Nairobi, 25 sep El asalto al centro comercial Westgate de Nairobi, que durante más de tres días ha aterrorizado a los habitantes de la capital keniana, marcará un cambio en la vida de una ciudad que quizás no sopesó lo suficiente la amenaza que suponía la milicia salafista somalí Al Shabab, autora de la acción.

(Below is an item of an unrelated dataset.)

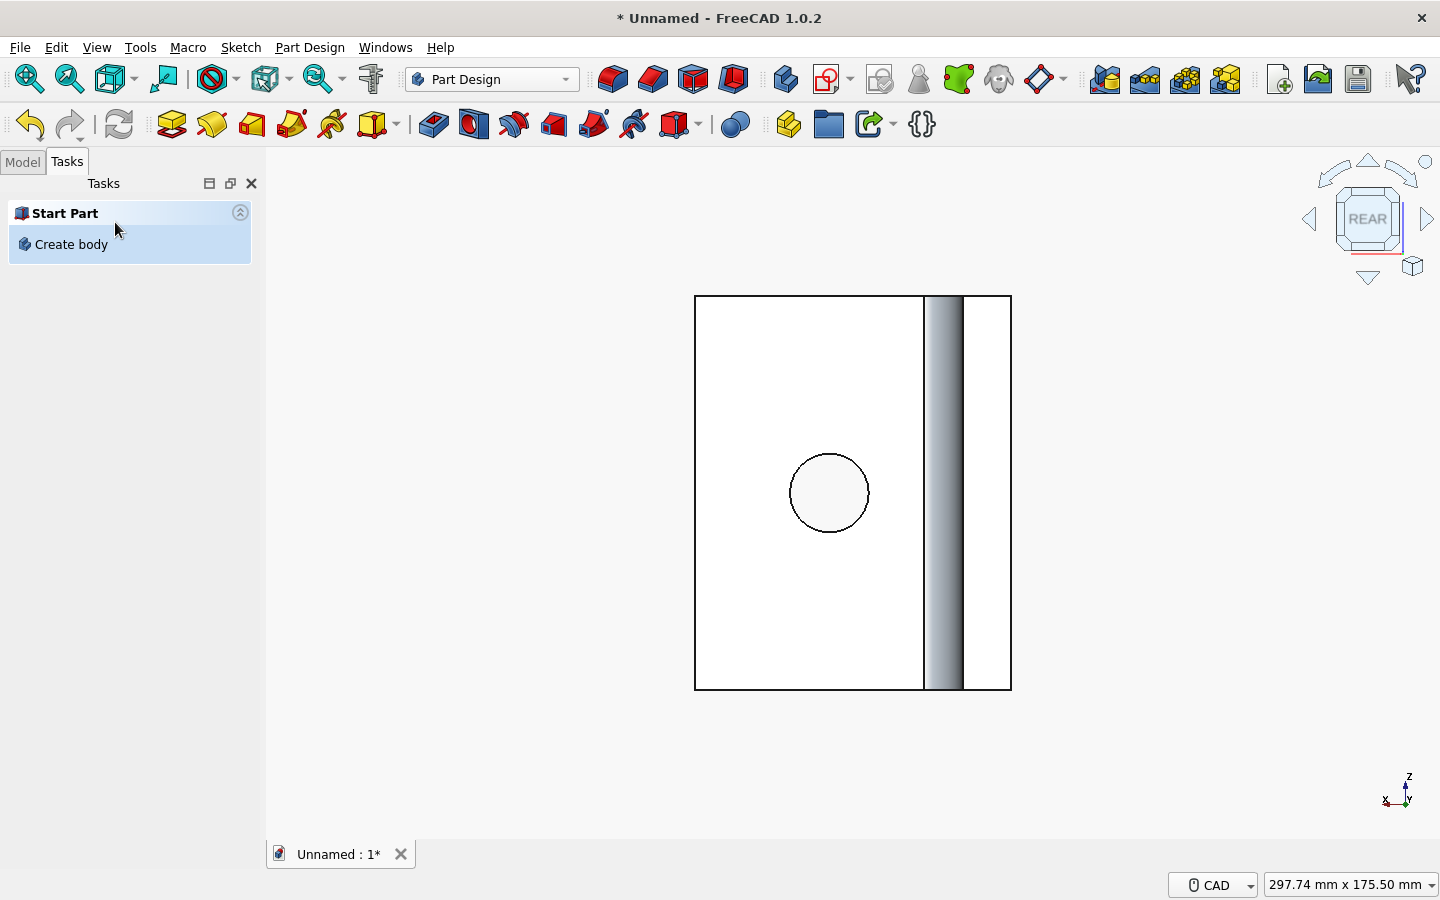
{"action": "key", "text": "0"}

De momento, el asalto del Westgate ha causado 72 muertos (61 civiles, seis soldados y cinco terrorista), cifras todavía provisionales pues todavía no han sido retirados los escombros y se desconoce si ocultas entre ellos puede haber más víctimas.

Cuando ayer, martes, se superaban las 72 horas del ataque de Al Shabab, pocos taxistas se atrevían a hacer carreras hasta el barrio del centro Westgate, donde seguían las explosiones y disparos entre los asaltantes y las fuerzas de seguridad, antes de anunciarse el fin oficial del asalto.

Hoy, los vigilantes de seguridad del Sarit Center, otro de los recintos comerciales más exclusivos de la capital de Kenia, ubicado a pocos metros del Westgate, registran por primera vez las pertenencias de todos sus clientes antes de permitirles la entrada.

El despliegue de seguridad siempre ha sido llamativo en los lugares públicos de Nairobi, donde los empleados de Naciones Unidas y de las organizaciones internacionales tienen prohibido por contrato caminar por la calle al caer la noche.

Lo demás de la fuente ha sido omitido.